Data Visualization on Spotify's Progress Overtime
The skills I demoed here can be learned through taking Data Science with Machine Learning bootcamp with NYC Data Science Academy.
The medium through which we listen to music has been changing from cassette tapes, cds, mp3 players, and now to streaming services. Thus, it was only logical to explore the popular songs from Spotify, the leading music streaming market, if I wanted to explore the data trends in music and how it has changed over the past 10 years. If any trends exist among the features of the popular songs from the Spotify, it might be helpful to predict the future music trend for the entertainment business to be more successful.
First, I wanted to explore the most popular feature for past 10 years overall. According to the data, Memories by Maroon 5 turned out the be the most famous song for the past 10 years. Also, Katy Perry is the most popular artist with dance pop being the most popular genre.
Not only that, with the various characteristics of the song that Spotify offers, I was able to check the other popular features of the song. For example, BPM (beats per minute) of about 124 was the most common among the songs, and energy (the higher the value, the more energetic) was about 81.
Also, danceability (the higher the value, the easier it is to dance to the song), loudness (the higher the value, the louder the song), liveness (the higher the value, the more likely the song is a live recording), valence (the higher the value, the more positive mood for the song), duration (the length of the song), acousticness (the higher the value, the more acoustic the song is), and speechiness (the higher the value, the more spoken word the song contains) was 69, -5, 10, 45, 220, 3.4, and 5, respectively. With this data, the most popular features were revealed, but how did the features change over the span of 10 years?
Average of Each Feature Every Year
It led me to check by observing the average of each feature every year.

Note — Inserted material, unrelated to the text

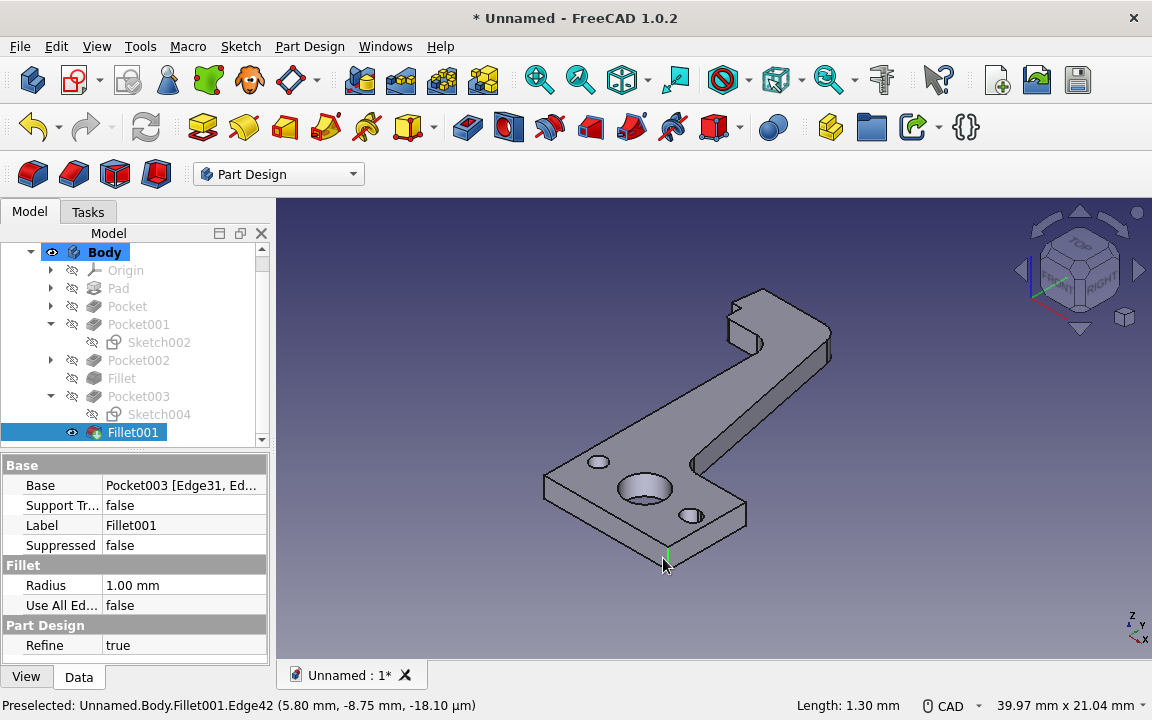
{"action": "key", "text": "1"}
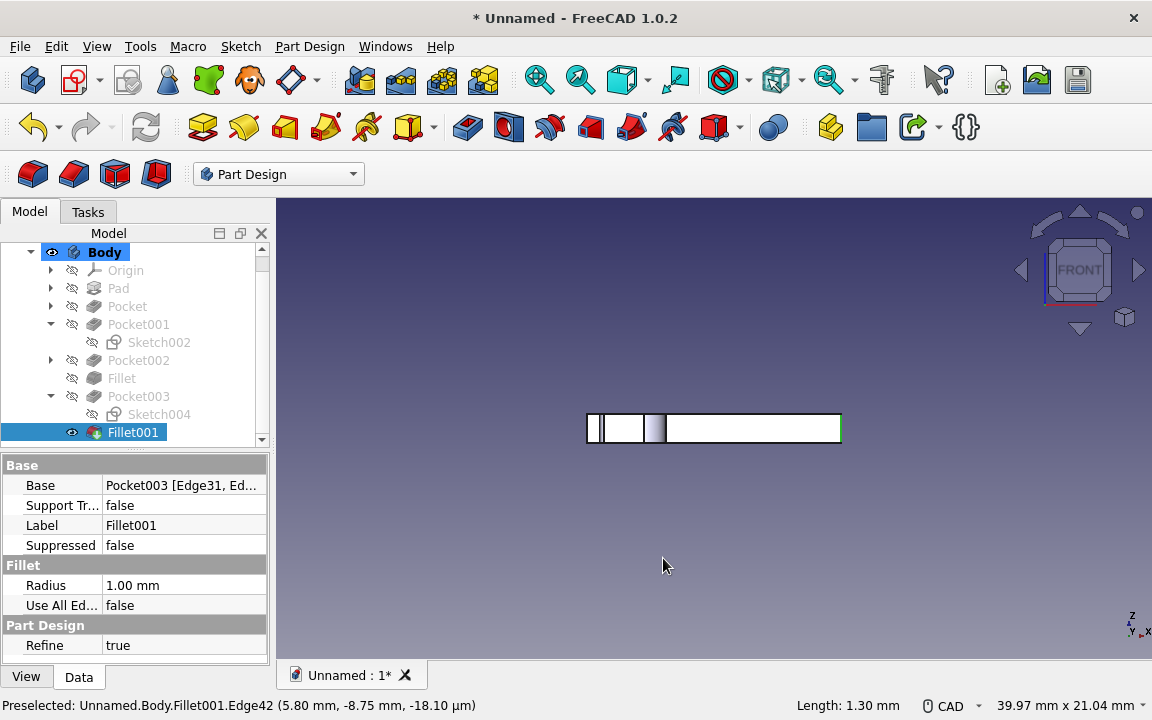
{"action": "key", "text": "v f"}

BPM seemed like it was getting higher until the year of 2014 but started decreasing, while energy tends to keep on decreasing. Danceability started increasing significantly starting from the year of 2013, and the loudness has been fluctuating since the year of 2014. Liveness has been decreasing since 2016, valence has been fluctuating since 2015, and duration tended to decrease since 2015, meaning people are preferring shorter songs. While the acousticness significantly increased in 2018, speechiness fluctuated but seems to be on a general decline since 2017.
After exploring the change in trends annually, I also started wondering: how much does each feature contribute to the popularity of the song?
I decided to create scatterplots and density maps to more accurately identify the frequency of a feature’s value against the popularity of the song and checked the approximated median of the most dense area. Surprisingly, all of the features seem to be the most dense near the values in the 70s, which indicates that songs with popularity values around 70 have more mainstream characteristics than the ones on either extreme side of the popularity spectrum.
But is there any correlation between the features? Over the span of 10 years all together, there seems to be no strong correlation between year and features or popularity and features. However, among the features, energy and loudness, danceability and valence, and energy and acousticness seem to have correlations.
With the data analyzed above, I was able to explore the trend of music in past 10 years. However, this made me want to go more in depth dataset-wise by comparing data with the Billboard’s chart of 10 years, or with the list of songs that got an award to see if any other trends exist between them.